A funny (and not so funny) aspect of life is that you’ll find that stereotypes are often times rooted in at least a bit of truth. Humans have long dealt in stereotypes. Herodotus would decry the inherent flaws of the Persians, juxtaposed to the Greeks. Throughout most pre-modern works, groups of people are referred to as having intrinsic characteristics to them. This piece isn’t to defend these notions. Only to say that when we see generalities they should not be dismissed in favor of the exception.

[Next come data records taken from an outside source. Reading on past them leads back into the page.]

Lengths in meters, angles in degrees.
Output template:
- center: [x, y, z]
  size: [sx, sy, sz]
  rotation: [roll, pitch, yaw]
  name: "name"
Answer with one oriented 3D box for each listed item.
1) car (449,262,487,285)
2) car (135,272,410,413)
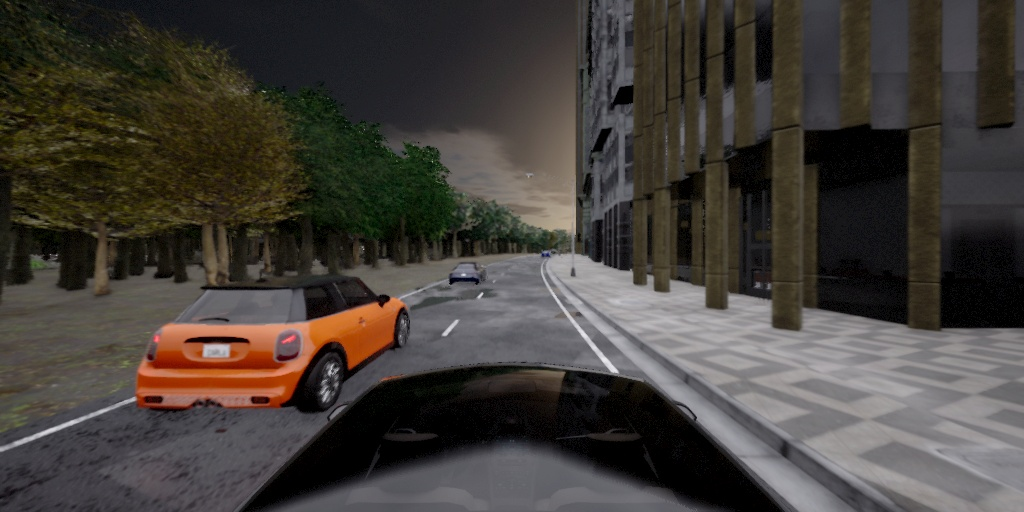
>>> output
- center: [-2.854, 1.069, 23.771]
  size: [1.994, 1.385, 4.181]
  rotation: [0, 1, 3]
  name: "car"
- center: [-3.346, 1.093, 6.204]
  size: [2.097, 1.767, 4.553]
  rotation: [0, 0, 0]
  name: "car"

Nowhere is this more true than when the topic of sin comes in. The famous verse goes that “for all have sinned and fallen short of the glory of God.” The claim seems indispensable and indisputable. Indispensable in that that is how we understand the world around us. Both Jocko Willink and Jordan Peterson have stated that they came to believe in an ultimate good by seeing ultimate evil. It is possible, tragically, to know what true Hell is because we can all too easily make it happen.
However, this author would contend that we cannot comprehend what true Heaven, that is the absence of sin, looks like. Moses’ request of God in Exodus that he be allowed to see God in all His glory, was partially denied, with Moses only being allowed a passing glimpse of God. I take see here to mean more accurately to mean to understand. To see in a real sense is to know, or at least a very big part of it. Men are visual after all. Perhaps this is why we love the Cross so much. The reason why Moses could not fully view God is stated clearly. He’d die.
If we are to take Hell to be the absence of God and therefore Heaven to be the inverse, then we are left with the fact that the carnal plane of existence is permeated with the two. Humans, and even heavenly bodies from Angels to the Son of God, can readily descend into Hell, but it is only the living embodiment of the Good, the Logos, of love who can rise back out of it. And for us, we require the cleansing mercy of God to be able to rise, though not without sacrifice.
The point of this (probably too long) diatribe, is that man is sinful. This is a given. G.K Chesterton opined cleverly, “The ancient masters of religion were quite equally impressed with that necessity. They began with the fact of sin—a fact as practical as potatoes. Whether or no man could be washed in miraculous waters, there was no doubt at any rate that he wanted washing.” (G.K Chesterton Orthodoxy, 17) Within this quotation is the question of why must we all be dirty?
The Apostle Paul has the best answer to this (insert “you don’t say” meme here). In Romans, Paul states that Adam, the first man, was the archetype of humanity. Andrew Klavan and his son Spencer (no relation) did a rather excellent segment on this on May 27th. The main argument is that we all have this Original Sin because we all would have done the same in Adam’s shoes.
We cannot declare that we would not have eaten the fruit when we in fact would have. We cannot declare that we would have fought against slavery when we likely would have been some of the worst masters. We cannot say we would have hidden the Jews when we probably would have been a camp guard. This is not to be entirely down on all of us. There are plenty of wonderful things that people do, but inevitably people stumble and fall. It’s in our nature. And it’s something that must be fought.